(JTA) — A Portuguese town once heavily populated by Jews has invited an Israeli NGO to run its new Jewish cultural center.
Shavei Israel, a Jerusalem-based nonprofit that does outreach programs to former Jews, will begin operating the center in Trancoso, in the mountains of northern Portugal, according to Michael Freund, the organization’s founder.
Many Jews settled in Trancoso in the late 15th century to escape the Spanish Inquisition, under which they were forcibly converted to Christianity, Freund said. “At a certain point, Trancoso’s population was half-Jewish or nearly half-Jewish,” he said. Currently, none of Trancoso’s 5,000 residents are Jewish, according to Freund.
The Isaac Cardoso Center for Jewish Interpretation, which is expected to open in the coming months and will also house a synagogue, was dedicated last month. According to a local newspaper, Gazeta de Viseu, the construction will cost the municipality about $1.5 million and is intended to attract increased tourism. But Freund hopes the center will “become an address for the many descendants of the anusim [forcibly-converted Jews] that live in northern Portugal.”

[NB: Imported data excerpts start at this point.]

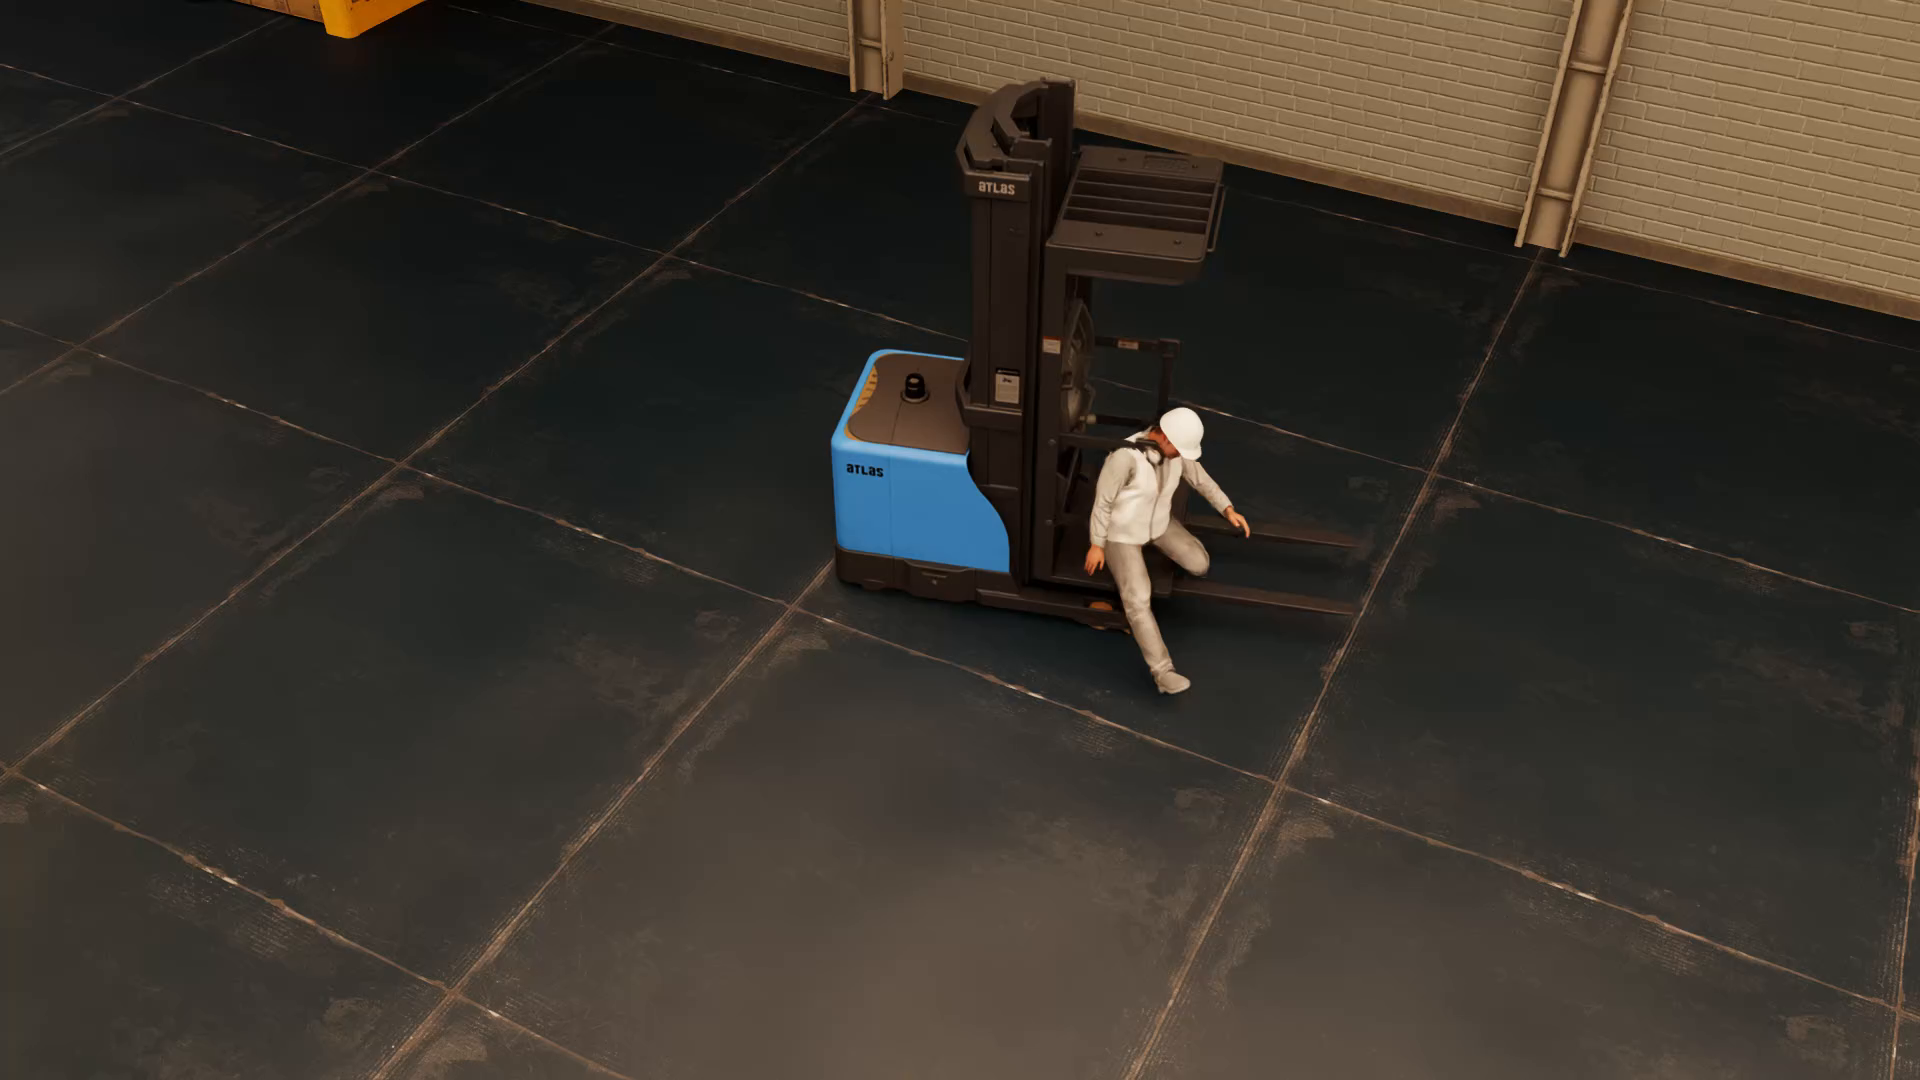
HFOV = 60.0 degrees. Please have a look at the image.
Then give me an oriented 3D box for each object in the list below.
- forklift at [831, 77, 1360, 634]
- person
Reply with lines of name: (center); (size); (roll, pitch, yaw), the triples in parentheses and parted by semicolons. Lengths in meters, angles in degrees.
forklift: (0.833, -0.952, 9.117); (3.031, 2.935, 1.130); (8, 41, 9)
person: (1.175, -0.012, 9.038); (0.965, 1.477, 1.105); (-21, 45, -23)

Freund told JTA that Shavei Israel would hold seminars and symposiums as well as regular classes on Judaism and Hebrew. Shavei Israel, which has a permanent emissary in Portugal, estimates there are tens of thousands of descendents of forcibly-converted Jews, if not hundreds of thousands, living in the region. The organization aims to help such people explore their Jewish roots.